Texte biblique (Bible du Semeur)
Matthieu 17
24 Lorsqu’ils arrivèrent à Capernaüm, ceux qui percevaient les deux drachmes s’adressèrent à
Pierre, et lui dirent : Votre maître ne paie-t-il pas les deux drachmes ?
25 Oui, dit-il. Et quand il fut entré dans la maison, Jésus le prévint, et dit : Que t’en semble,
Simon ? Les rois de la terre, de qui perçoivent-ils des tributs ou des impôts ? De leurs fils, ou des
étrangers ?
26 Il lui dit : des étrangers. Et Jésus lui répondit : les fils en sont donc exempts.
27 Mais, pour ne pas les scandaliser, va à la mer, jette l’hameçon, et tire le premier poisson qui
viendra ; ouvre-lui la bouche, et tu trouveras un statère. Prends-le, et donne-le-leur pour moi et
pour toi.
Les deux drachmes
Pour que ce texte devienne compréhensible, il faut d'abord éclaircir la question des deux
drachmes.
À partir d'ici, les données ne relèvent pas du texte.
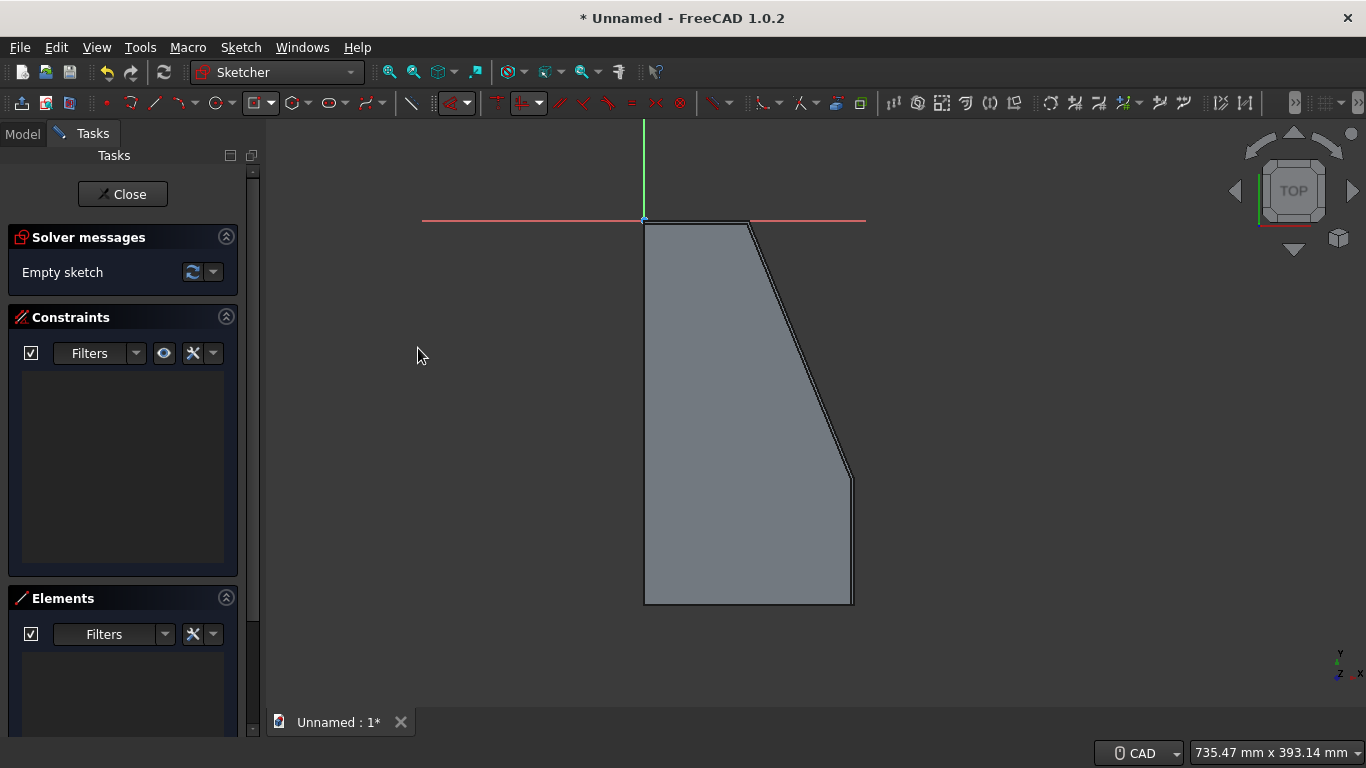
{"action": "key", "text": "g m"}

Elles remontent à une disposition qu'on trouve en Exode 30.11-16
11 L’Eternel parla encore à Moïse en ces termes :
12 Lorsque tu recenseras les Israélites, chacun d’eux donnera à l’Eternel une rançon pour sa vie au
moment où il sera recensé ; ainsi ce dénombrement ne leur attirera aucun malheur.
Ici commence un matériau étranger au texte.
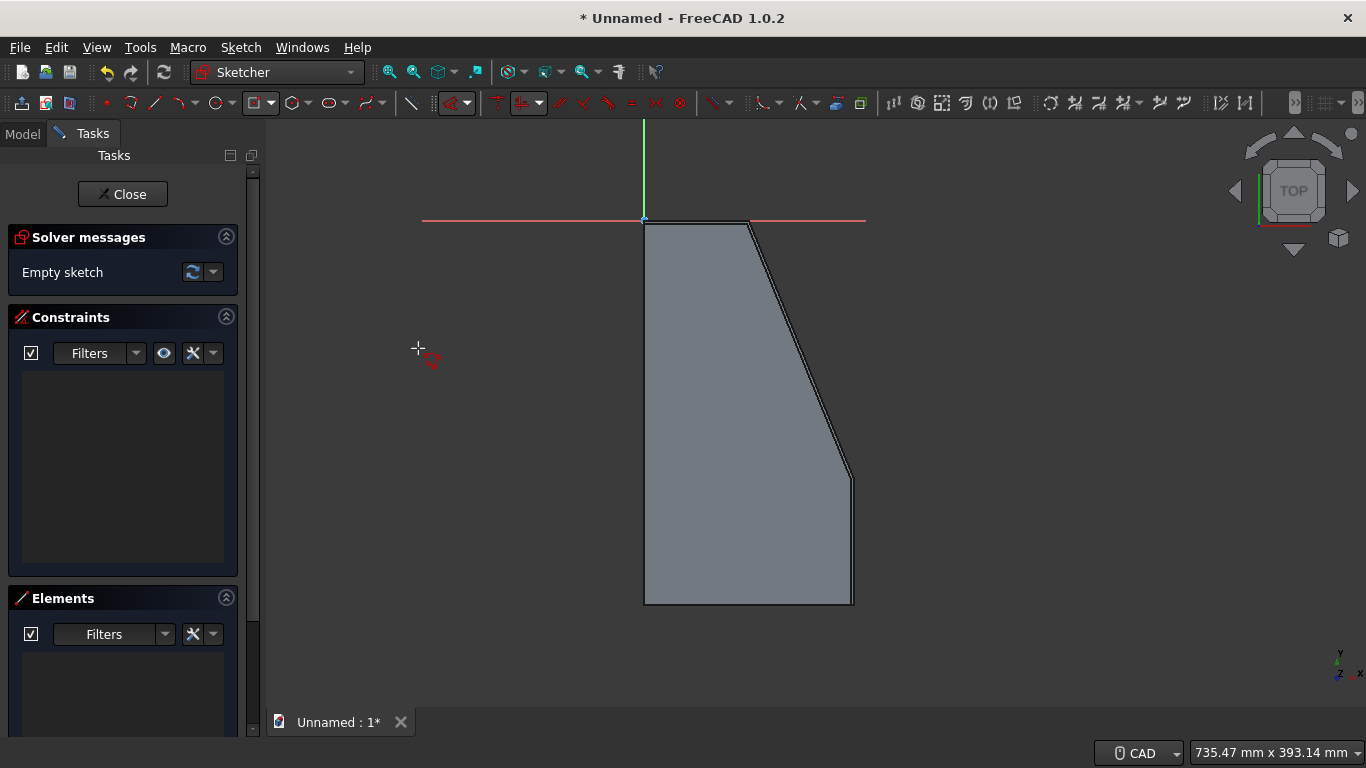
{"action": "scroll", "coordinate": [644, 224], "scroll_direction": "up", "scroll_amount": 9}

13 Chacun de ceux qui seront recensés versera selon la moitié de l’unité de poids en vigueur au
sanctuaire une pièce de près de six grammes d’argent, cette pièce sera une offrande pour l’Eternel.
14 Toute personne de vingt ans et au-dessus comptée lors de ce recensement donnera cette
offrande pour l’Eternel.
15 Les riches ne paieront pas plus et les pauvres pas moins que cette pièce d’argent, pour acquitter
l’offrande due à l’Eternel, en rançon pour votre vie.
16 Tu percevras des Israélites l’argent de cette rançon et tu le destineras à l’entretien de la tente
de la Rencontre. Il rappellera à l’Eternel que la rançon pour leur vie a été versée.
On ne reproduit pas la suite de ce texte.